# Instructions for the task
The records below must be transcribed exactly, with each picture left out.

# Data for the task
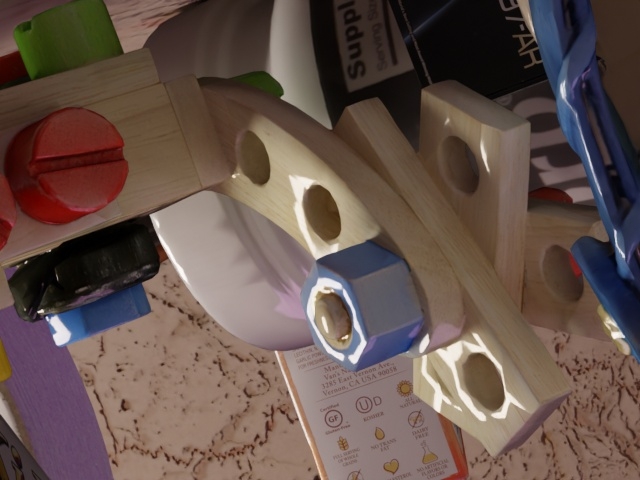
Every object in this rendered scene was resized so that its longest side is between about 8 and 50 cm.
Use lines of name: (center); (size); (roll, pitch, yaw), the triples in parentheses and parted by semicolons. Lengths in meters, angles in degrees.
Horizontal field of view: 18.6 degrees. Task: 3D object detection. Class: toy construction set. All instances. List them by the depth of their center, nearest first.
toy construction set: (-0.086, -0.001, 0.517); (0.327, 0.151, 0.215); (-4, 171, -31)

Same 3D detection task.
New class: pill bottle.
pill bottle: (0.084, -0.060, 0.657); (0.278, 0.162, 0.162); (-20, -178, 28)

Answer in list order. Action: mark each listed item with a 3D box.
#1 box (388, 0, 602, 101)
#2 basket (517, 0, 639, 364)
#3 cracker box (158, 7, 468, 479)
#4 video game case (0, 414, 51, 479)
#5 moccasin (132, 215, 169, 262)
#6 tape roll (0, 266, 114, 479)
box: (0.050, -0.084, 0.563); (0.067, 0.083, 0.018); (-18, -175, 29)
basket: (0.160, -0.036, 0.384); (0.255, 0.201, 0.289); (-31, -152, -1)
cracker box: (0.000, 0.000, 0.912); (0.067, 0.232, 0.156); (-19, -178, 4)
video game case: (-0.191, 0.073, 0.338); (0.269, 0.061, 0.244); (-20, 141, 3)
moccasin: (-0.215, 0.005, 1.241); (0.380, 0.139, 0.147); (-32, 178, -26)
tape roll: (-0.183, 0.100, 0.648); (0.090, 0.275, 0.275); (-20, -178, 29)
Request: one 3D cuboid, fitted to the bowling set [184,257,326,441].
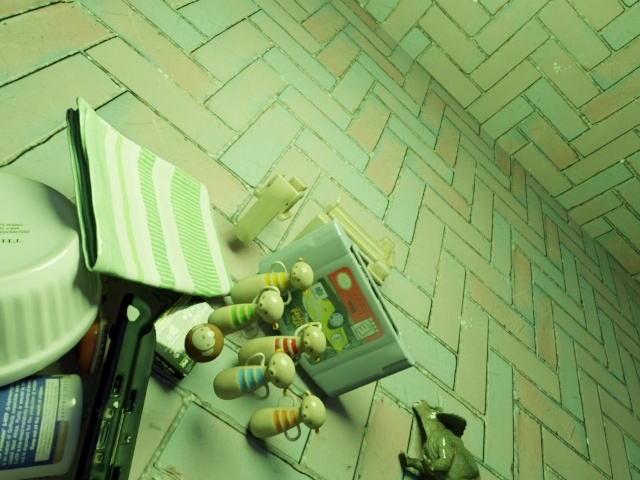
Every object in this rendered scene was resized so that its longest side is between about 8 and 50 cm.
[{"bbox_3d":[-0.085,0.162,0.624,0.200,0.154,0.287,29,45,-68],"label":"bowling set"}]

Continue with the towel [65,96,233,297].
[{"bbox_3d":[-0.243,-0.038,0.649,0.325,0.038,0.248,45,24,-69],"label":"towel"}]

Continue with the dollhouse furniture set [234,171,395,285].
[{"bbox_3d":[0.000,0.000,0.952,0.303,0.174,0.355,45,17,1],"label":"dollhouse furniture set"}]

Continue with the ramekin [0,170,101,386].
[{"bbox_3d":[-0.394,0.024,0.472,0.272,0.127,0.273,17,31,-11],"label":"ramekin"}]

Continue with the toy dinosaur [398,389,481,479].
[{"bbox_3d":[0.255,0.456,0.801,0.160,0.121,0.314,-6,61,-28],"label":"toy dinosaur"}]

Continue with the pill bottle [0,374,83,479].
[{"bbox_3d":[-0.370,0.205,0.450,0.186,0.112,0.112,11,55,-35],"label":"pill bottle"}]

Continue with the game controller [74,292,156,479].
[{"bbox_3d":[-0.249,0.225,0.478,0.067,0.166,0.320,8,62,-12],"label":"game controller"}]

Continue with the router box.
[{"bbox_3d":[-0.220,0.147,0.670,0.092,0.038,0.122,44,43,-8],"label":"router box"}]

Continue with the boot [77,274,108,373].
[{"bbox_3d":[-0.343,0.112,0.584,0.084,0.059,0.158,-1,58,-31],"label":"boot"}]

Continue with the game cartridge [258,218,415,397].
[{"bbox_3d":[0.018,0.133,0.760,0.295,0.195,0.060,61,21,-2],"label":"game cartridge"}]
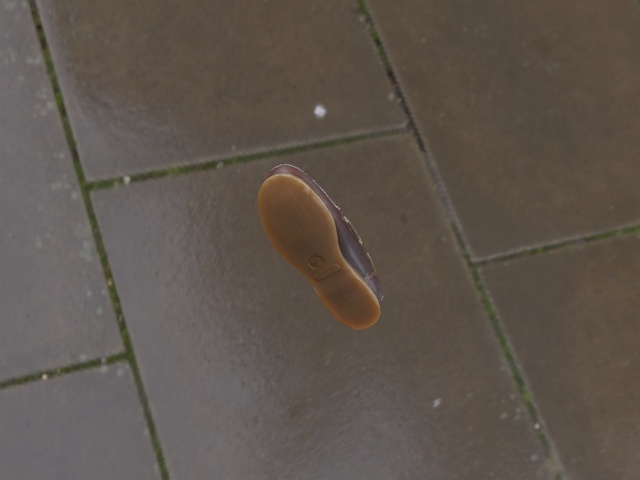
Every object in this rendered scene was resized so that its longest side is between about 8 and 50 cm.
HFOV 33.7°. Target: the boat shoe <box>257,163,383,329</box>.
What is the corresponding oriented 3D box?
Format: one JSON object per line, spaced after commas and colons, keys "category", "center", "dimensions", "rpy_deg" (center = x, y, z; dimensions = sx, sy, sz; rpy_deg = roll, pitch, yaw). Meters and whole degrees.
{"category": "boat shoe", "center": [0.000, 0.000, 1.100], "dimensions": [0.073, 0.207, 0.073], "rpy_deg": [-19, 32, 19]}
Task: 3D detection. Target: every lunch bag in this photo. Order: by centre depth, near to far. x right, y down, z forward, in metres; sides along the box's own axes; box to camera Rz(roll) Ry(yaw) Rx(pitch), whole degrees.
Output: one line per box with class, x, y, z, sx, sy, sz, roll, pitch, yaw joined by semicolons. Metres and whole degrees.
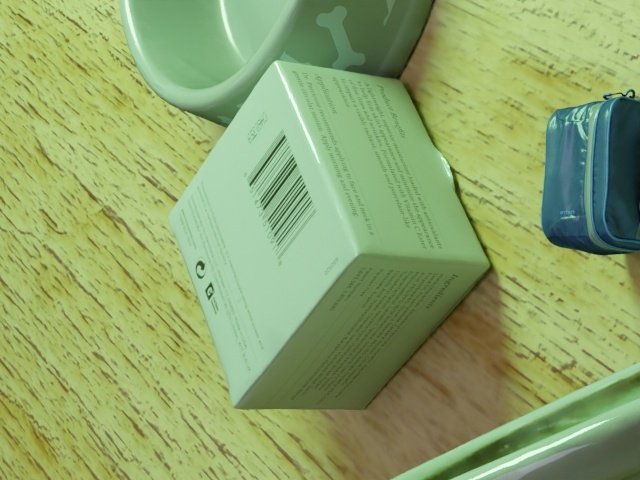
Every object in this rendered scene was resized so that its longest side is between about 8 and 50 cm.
lunch bag;0.177;-0.041;0.979;0.065;0.067;0.098;-5;80;54

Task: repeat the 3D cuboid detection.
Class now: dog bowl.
dog bowl;-0.045;-0.247;1.294;0.349;0.102;0.349;-10;78;54

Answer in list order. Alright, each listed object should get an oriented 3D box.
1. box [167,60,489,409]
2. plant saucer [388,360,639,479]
box;0.000;0.000;1.178;0.182;0.119;0.181;-53;46;37
plant saucer;0.160;0.104;0.735;0.400;0.400;0.100;-32;81;48
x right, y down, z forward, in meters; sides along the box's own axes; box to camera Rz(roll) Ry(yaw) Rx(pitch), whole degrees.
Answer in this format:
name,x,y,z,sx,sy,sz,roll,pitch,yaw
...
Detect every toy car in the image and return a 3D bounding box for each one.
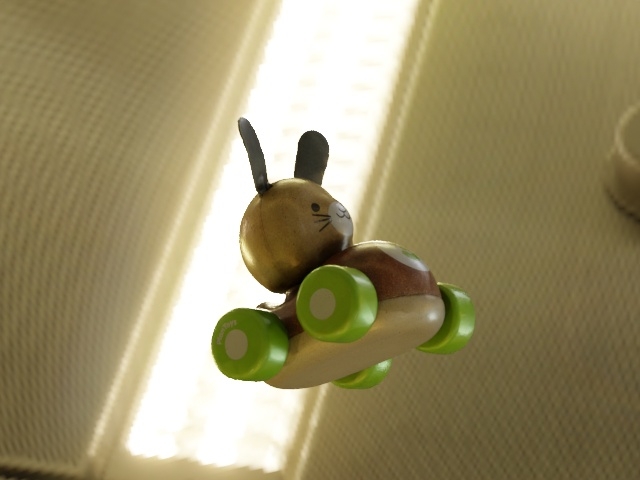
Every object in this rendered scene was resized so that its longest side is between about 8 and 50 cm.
name,x,y,z,sx,sy,sz,roll,pitch,yaw
toy car,0.000,0.000,1.316,0.149,0.155,0.188,-26,-110,31
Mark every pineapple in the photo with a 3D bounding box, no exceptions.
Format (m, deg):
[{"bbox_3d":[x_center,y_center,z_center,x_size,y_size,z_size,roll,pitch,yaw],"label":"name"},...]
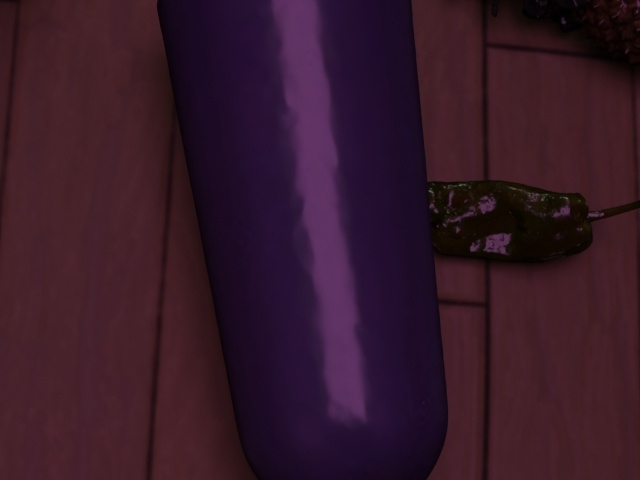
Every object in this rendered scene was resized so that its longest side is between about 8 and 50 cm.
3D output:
[{"bbox_3d":[0.230,-0.232,1.510,0.251,0.125,0.125,18,73,2],"label":"pineapple"}]

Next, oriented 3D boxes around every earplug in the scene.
[{"bbox_3d":[0.000,0.000,1.364,0.215,0.215,0.455,-7,80,-11],"label":"earplug"}]

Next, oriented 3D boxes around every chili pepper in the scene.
[{"bbox_3d":[0.187,-0.015,1.464,0.204,0.073,0.072,4,93,3],"label":"chili pepper"}]
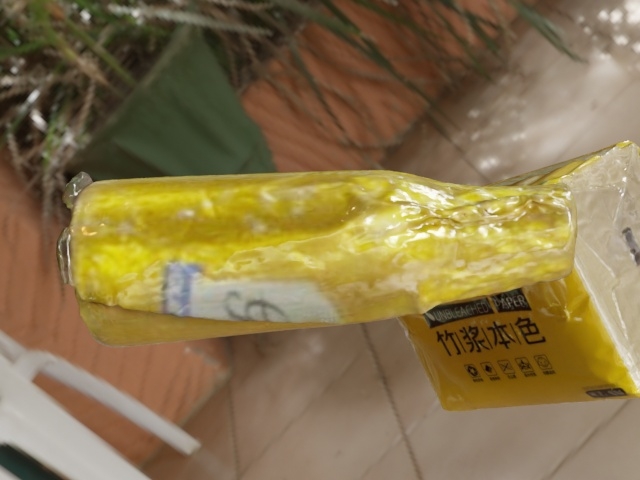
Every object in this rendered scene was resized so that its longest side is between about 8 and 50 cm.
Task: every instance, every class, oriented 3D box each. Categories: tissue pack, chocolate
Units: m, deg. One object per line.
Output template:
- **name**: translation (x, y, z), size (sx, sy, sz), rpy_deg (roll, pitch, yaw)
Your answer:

# Problem solution
Every object in this rendered scene was resized so that its longest side is between about 8 and 50 cm.
Use lines of name: (center); (size); (roll, pitch, yaw), the triples in parentheses and parted by semicolons. Lengths in meters, angles in degrees.
Horizontal field of view: 18.6 degrees. Task: 3D object detection. Class: toy construction set. All instances. List them by the depth of their center, nearest first.
toy construction set: (-0.086, -0.001, 0.517); (0.327, 0.151, 0.215); (-4, 171, -31)

Same 3D detection task.
New class: pill bottle.
pill bottle: (0.084, -0.060, 0.657); (0.278, 0.162, 0.162); (-20, -178, 28)

Answer in list order. Action: mark each listed item with a 3D box.
#1 box (388, 0, 602, 101)
#2 basket (517, 0, 639, 364)
#3 cracker box (158, 7, 468, 479)
#4 video game case (0, 414, 51, 479)
#5 moccasin (132, 215, 169, 262)
#6 tape roll (0, 266, 114, 479)
box: (0.050, -0.084, 0.563); (0.067, 0.083, 0.018); (-18, -175, 29)
basket: (0.160, -0.036, 0.384); (0.255, 0.201, 0.289); (-31, -152, -1)
cracker box: (0.000, 0.000, 0.912); (0.067, 0.232, 0.156); (-19, -178, 4)
video game case: (-0.191, 0.073, 0.338); (0.269, 0.061, 0.244); (-20, 141, 3)
moccasin: (-0.215, 0.005, 1.241); (0.380, 0.139, 0.147); (-32, 178, -26)
tape roll: (-0.183, 0.100, 0.648); (0.090, 0.275, 0.275); (-20, -178, 29)
Request: one 3D cuboid, fitted to the bowling set [184,257,326,441].
Every object in this rendered scene was resized so that its longest side is between about 8 and 50 cm.
[{"bbox_3d":[-0.085,0.162,0.624,0.200,0.154,0.287,29,45,-68],"label":"bowling set"}]

Continue with the towel [65,96,233,297].
[{"bbox_3d":[-0.243,-0.038,0.649,0.325,0.038,0.248,45,24,-69],"label":"towel"}]

Continue with the dollhouse furniture set [234,171,395,285].
[{"bbox_3d":[0.000,0.000,0.952,0.303,0.174,0.355,45,17,1],"label":"dollhouse furniture set"}]

Continue with the ramekin [0,170,101,386].
[{"bbox_3d":[-0.394,0.024,0.472,0.272,0.127,0.273,17,31,-11],"label":"ramekin"}]

Continue with the toy dinosaur [398,389,481,479].
[{"bbox_3d":[0.255,0.456,0.801,0.160,0.121,0.314,-6,61,-28],"label":"toy dinosaur"}]

Continue with the pill bottle [0,374,83,479].
[{"bbox_3d":[-0.370,0.205,0.450,0.186,0.112,0.112,11,55,-35],"label":"pill bottle"}]

Continue with the game controller [74,292,156,479].
[{"bbox_3d":[-0.249,0.225,0.478,0.067,0.166,0.320,8,62,-12],"label":"game controller"}]

Continue with the router box.
[{"bbox_3d":[-0.220,0.147,0.670,0.092,0.038,0.122,44,43,-8],"label":"router box"}]

Continue with the boot [77,274,108,373].
[{"bbox_3d":[-0.343,0.112,0.584,0.084,0.059,0.158,-1,58,-31],"label":"boot"}]

Continue with the game cartridge [258,218,415,397].
[{"bbox_3d":[0.018,0.133,0.760,0.295,0.195,0.060,61,21,-2],"label":"game cartridge"}]
Every object in this rendered scene was resized so that its longest side is between about 8 and 50 cm.
HFOV 33.7°. Target: the boat shoe <box>257,163,383,329</box>.
What is the corresponding oriented 3D box?
Format: one JSON object per line, spaced after commas and colons, keys "category", "center", "dimensions", "rpy_deg" (center = x, y, z; dimensions = sx, sy, sz; rpy_deg = roll, pitch, yaw). Meters and whole degrees.
{"category": "boat shoe", "center": [0.000, 0.000, 1.100], "dimensions": [0.073, 0.207, 0.073], "rpy_deg": [-19, 32, 19]}
Task: 3D detection. Target: every lunch bag in this photo. Order: by centre depth, near to far. x right, y down, z forward, in metres; sides along the box's own axes; box to camera Rz(roll) Ry(yaw) Rx(pitch), whole degrees.
Output: one line per box with class, x, y, z, sx, sy, sz, roll, pitch, yaw joined by semicolons. Metres and whole degrees.
Every object in this rendered scene was resized so that its longest side is between about 8 and 50 cm.
lunch bag;0.177;-0.041;0.979;0.065;0.067;0.098;-5;80;54

Task: repeat the 3D cuboid detection.
Class now: dog bowl.
dog bowl;-0.045;-0.247;1.294;0.349;0.102;0.349;-10;78;54

Answer in list order. Alright, each listed object should get an oriented 3D box.
1. box [167,60,489,409]
2. plant saucer [388,360,639,479]
box;0.000;0.000;1.178;0.182;0.119;0.181;-53;46;37
plant saucer;0.160;0.104;0.735;0.400;0.400;0.100;-32;81;48
x right, y down, z forward, in meters; sides along the box's own axes; box to camera Rz(roll) Ry(yaw) Rx(pitch), whole degrees.
Answer in this format:
name,x,y,z,sx,sy,sz,roll,pitch,yaw
...
Detect every toy car in the image and return a 3D bounding box for each one.
Every object in this rendered scene was resized so that its longest side is between about 8 and 50 cm.
name,x,y,z,sx,sy,sz,roll,pitch,yaw
toy car,0.000,0.000,1.316,0.149,0.155,0.188,-26,-110,31
Mark every pineapple in the photo with a 3D bounding box, no exceptions.
Format (m, deg):
[{"bbox_3d":[x_center,y_center,z_center,x_size,y_size,z_size,roll,pitch,yaw],"label":"name"},...]
Every object in this rendered scene was resized so that its longest side is between about 8 and 50 cm.
3D output:
[{"bbox_3d":[0.230,-0.232,1.510,0.251,0.125,0.125,18,73,2],"label":"pineapple"}]

Next, oriented 3D boxes around every earplug in the scene.
[{"bbox_3d":[0.000,0.000,1.364,0.215,0.215,0.455,-7,80,-11],"label":"earplug"}]

Next, oriented 3D boxes around every chili pepper in the scene.
[{"bbox_3d":[0.187,-0.015,1.464,0.204,0.073,0.072,4,93,3],"label":"chili pepper"}]
Every object in this rendered scene was resized so that its longest side is between about 8 and 50 cm.
Task: every instance, every class, oriented 3D box each. Categories: tissue pack, chocolate
Units: m, deg. One object per line.
Output template:
- **name**: translation (x, y, z), size (sx, sy, sz), rpy_deg (roll, pitch, yaw)
Your answer:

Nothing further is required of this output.